Friedman is inquisitive by nature. She asks a lot of questions of her material. You hear it in the phrasing. Singing the song isn't enough, she has to perform it. When she was at school, they wouldn't have her in the choir, but there was this one "mad" music teacher who'd dig out classic songs and pass them round the class like sweets. And once a term, each pupil would get to do their song. Maria's always went down well. But they had to be the right songs. Just as they have to be the right parts. New work - new plays, new songs - that's important to her. To be up there at the sharp end. She isn't worried about "so-called failures" (and she's known a few), so long as the challenge is really worth the taking. When she put together her Olivier Award-winning one woman show Maria Friedman by Special Arrangement (and by fair means and foul, a conspiracy of friends and associates press-ganged her into that one), she was all too aware that every single number, every choice she made, was saying something about herself. This time it really was personal. Sondheim himself gave her notes. One in particular struck home. She had to think of the show as more than a collection of songs, but rather as one song, one great stretch from the first she sang to the last. Is that all?
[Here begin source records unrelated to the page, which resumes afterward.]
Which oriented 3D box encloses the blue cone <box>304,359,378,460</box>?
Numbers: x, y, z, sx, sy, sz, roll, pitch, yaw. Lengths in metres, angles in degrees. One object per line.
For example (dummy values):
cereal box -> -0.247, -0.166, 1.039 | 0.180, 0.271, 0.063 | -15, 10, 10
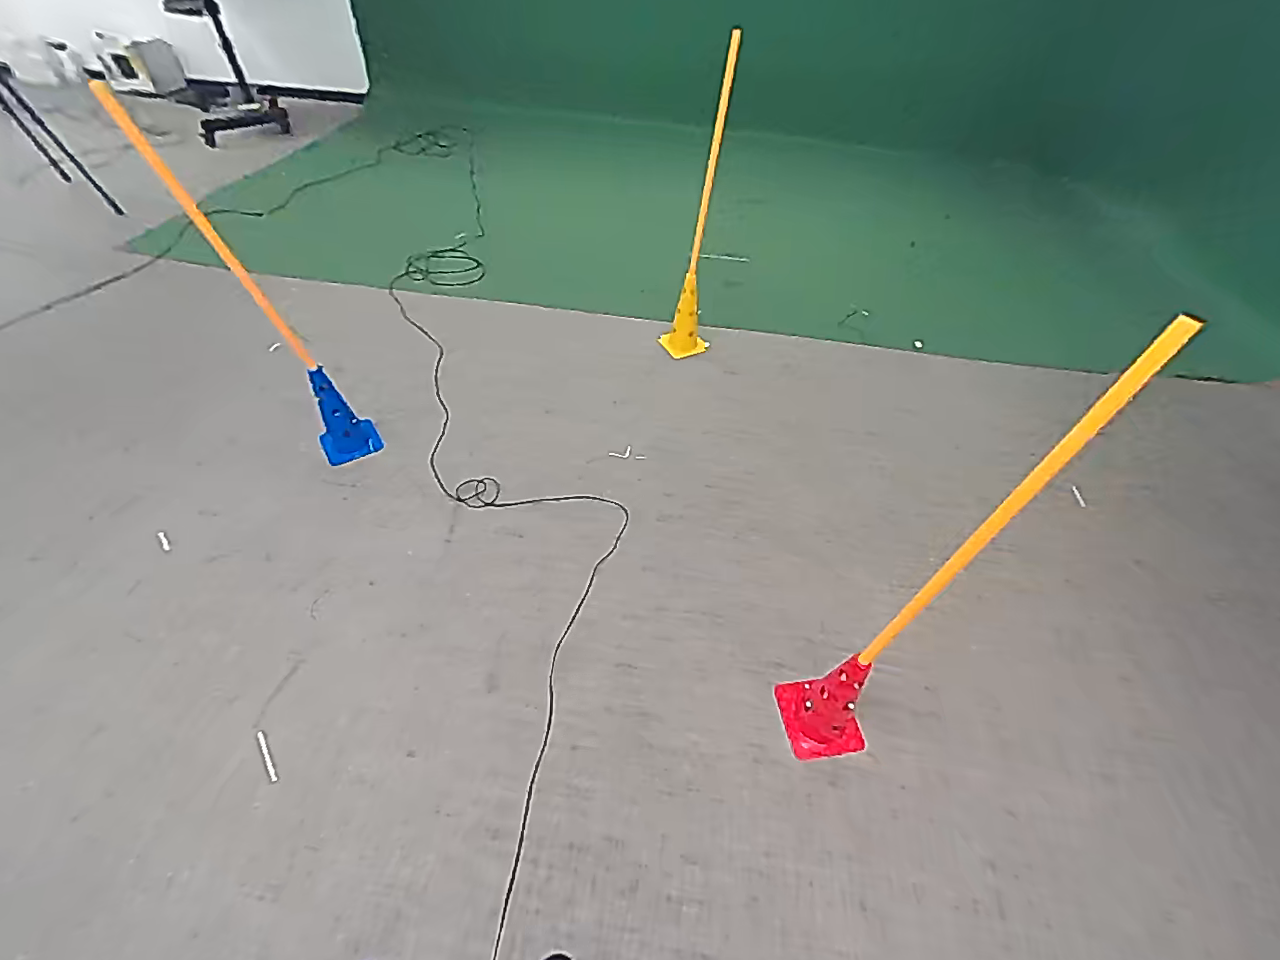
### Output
blue cone -> -1.110, -0.266, 1.943 | 0.193, 0.380, 0.192 | -28, 56, -24
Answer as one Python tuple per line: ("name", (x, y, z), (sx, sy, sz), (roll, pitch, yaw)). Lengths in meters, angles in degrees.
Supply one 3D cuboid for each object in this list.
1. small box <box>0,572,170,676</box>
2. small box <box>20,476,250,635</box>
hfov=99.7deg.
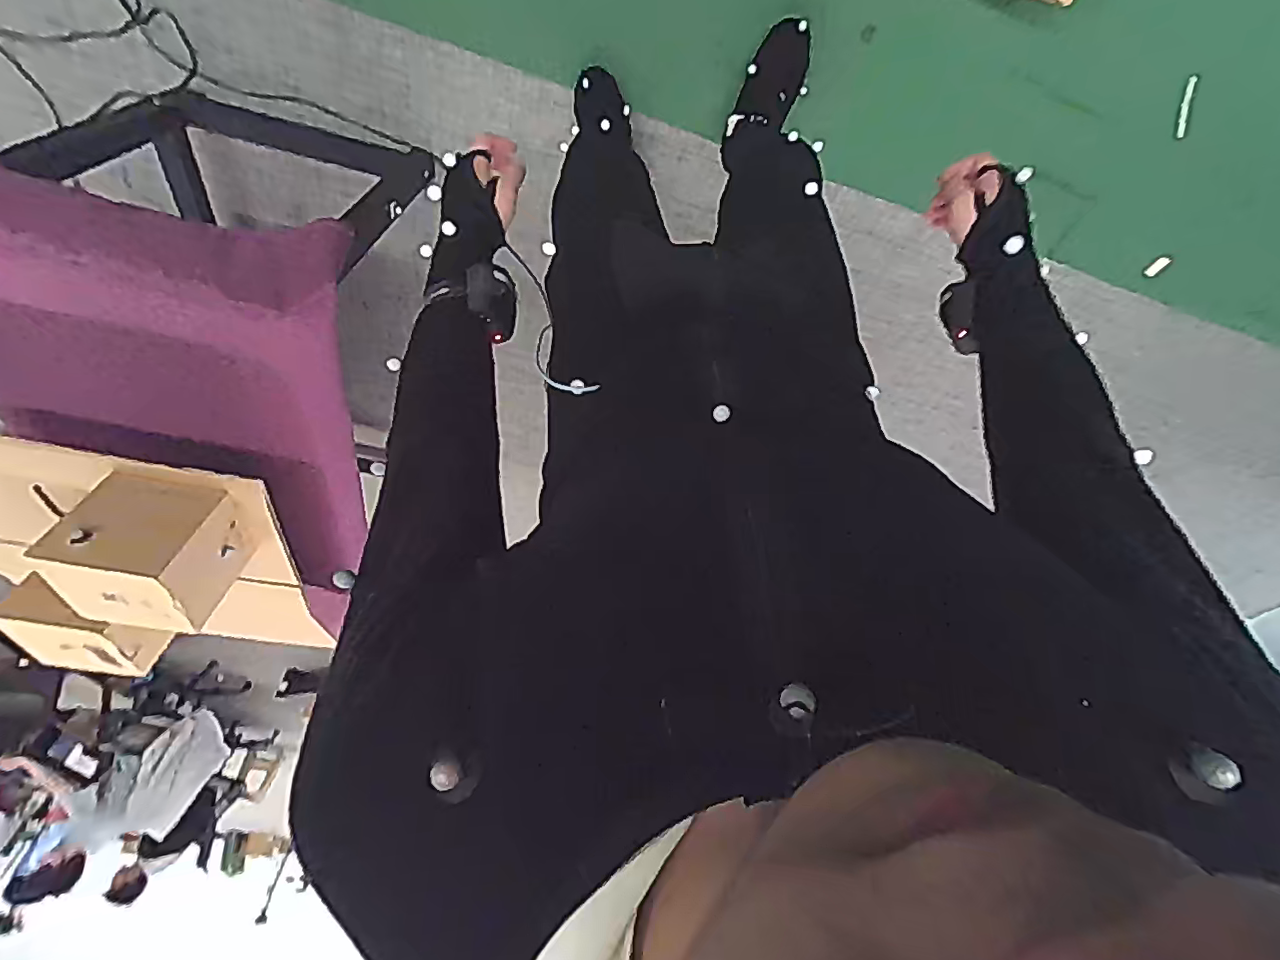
("small box", (-0.967, 0.228, 0.973), (0.179, 0.176, 0.168), (12, 134, -6))
("small box", (-0.764, 0.114, 0.846), (0.179, 0.176, 0.168), (11, 135, -7))

"You know, I was thinking on my way to the theatre today how difficult it is to get a handle on life - to order it and shape it. But when you're in a show, that's exactly what you get to do for the two hours or so on stage. During that time, you are in control. It's a beautiful way of ordering and crystallising your feelings and sharing them with your audience. I always feel that they're me and I'm them, and we're one. That makes my heart beat faster." Ours, too.